There are hands to hold
and ways to find
but this bottomless grasp,
this symbiotic link

it cannot be forged.

It is an abiding yes,
pure intent.

Tuesday, April 19, 2011

More Than Either Or

the truth is
there are more than these two choices
more than either/or

branches upon branches,
thousands of doors
leading back to the one way.
every word I write takes me there

and you -
you bring me there, too.
every meeting a new lesson
in the ways of myself.

thank you, my teachers.

Monday, April 18, 2011

The Great Pulse of the World

I think maybe the path
and the trees and the leaves
know me better than man.

They have no business to worry
no advertising save pollen
set free in spring's breeze.

I do not compete here
in this cacophony of woods.
The brook and stone
and moss covered floor
let me take of their green
and ivy'd shores
even as I bleed for them
and share my warmth.

There is no contract writ
between our beating hearts,
only the great pulse
of the world
to rule our breath.

Sunday, April 17, 2011

Everything Shines

I spend days
trying to dig out
some semblance of a beautiful thought
excavate it like an emerald
smuggled thoroughly
hidden safely
in a dark pocket.

I'm seeing it all wrong.
all wrong.
I only have to look at it
to make it shine.

attention.
This must be the key.

everything shines
when it is truly seen.

Friday, April 15, 2011

There Is a Sleep That Rests In Our Bones

There is a sleep that rests in our bones,
independent of time,
waking only when the fullness of life
has brightened our door.

It is the demon we learn to love,
the spectre and weight of the price for this flesh,
the patient of grief who claims us all in our turn,
the knowledge that sorrow can't stay.

Wednesday, April 13, 2011

Anchor Stone

I can already feel myself
tethered down to you,
this strong anchor stone
in my shifting sands.

How do you navigate me,
as solid as you are,
when I am changing thus:
everyday new?

Maybe you are the blade
that catches my tempest,
transforming movement
into the stored energy of us.

I do not have to name it
only claim you as mine,
this weighted
solid
anchor of love.

Tuesday, April 12, 2011

Walt

What do you think has become of the young and old men?
And what do you think has become of the women and children?

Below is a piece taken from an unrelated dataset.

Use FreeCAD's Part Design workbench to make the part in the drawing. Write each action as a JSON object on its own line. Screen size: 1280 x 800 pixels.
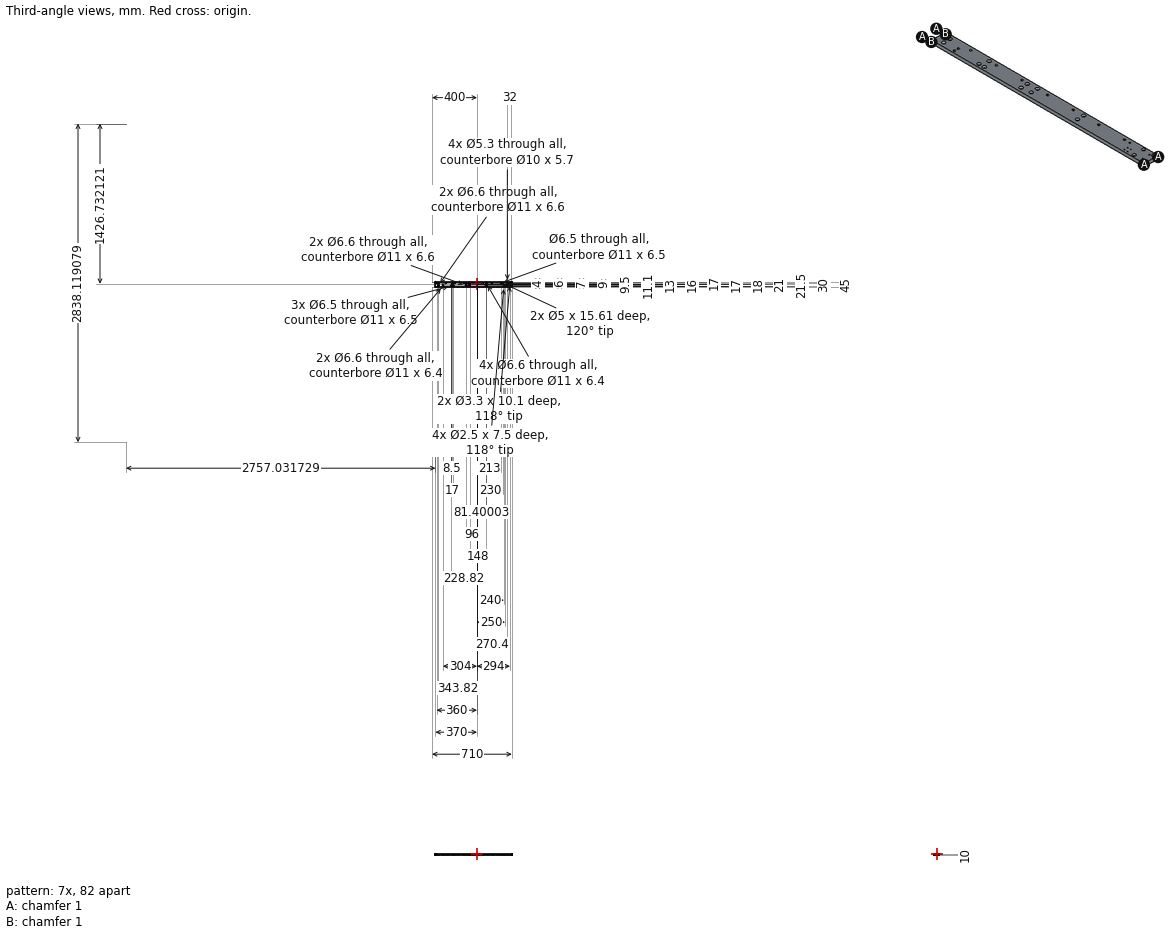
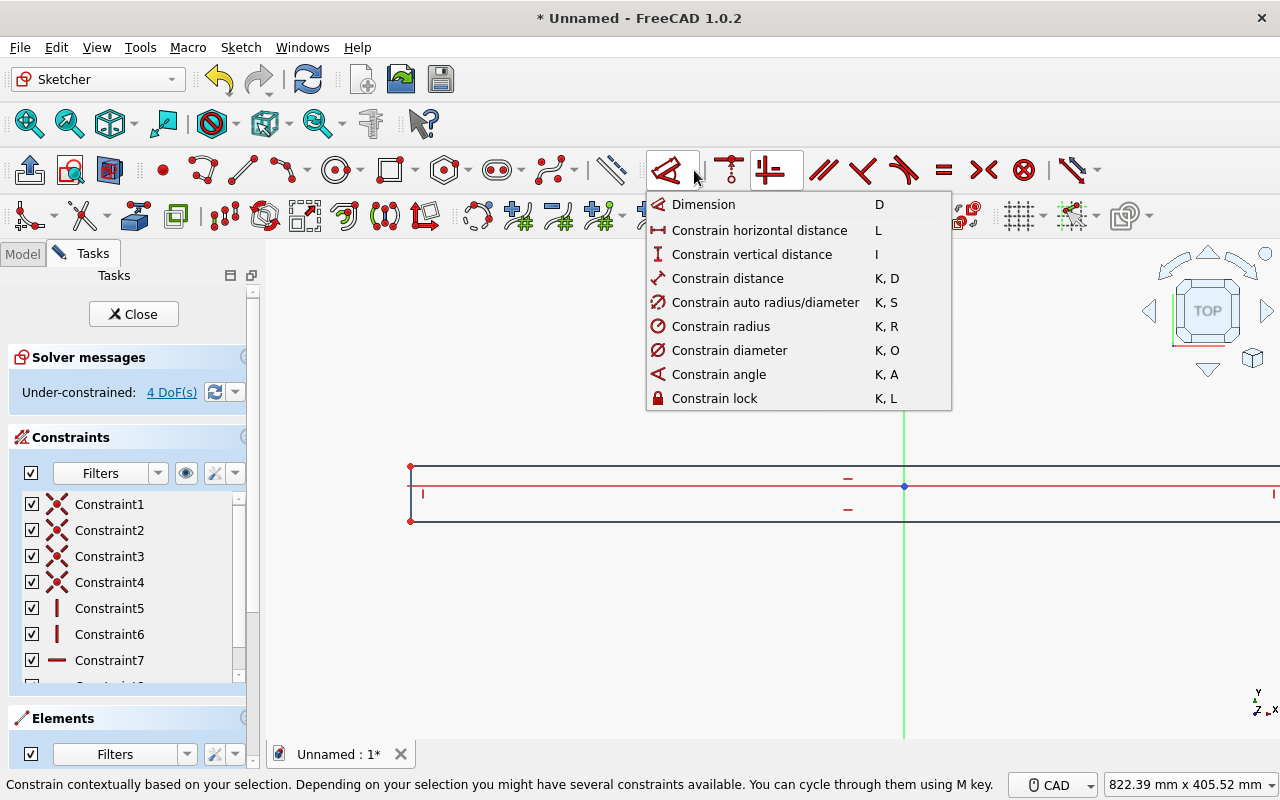
{"action": "left_click", "coordinate": [799, 254]}

They are alive and well somewhere;
The smallest sprout shows there is really no death,
And if ever there was it led forward life, and does not wait at the end to arrest it,
And ceased the moment life appeared.

All goes onward and outward . . . and nothing collapses

***

I swear I see now that every thing has an eternal soul!
The trees have, rooted in the ground. . .the weeds of the sea have. . .the animals.

I swear I think there is nothing but immortality!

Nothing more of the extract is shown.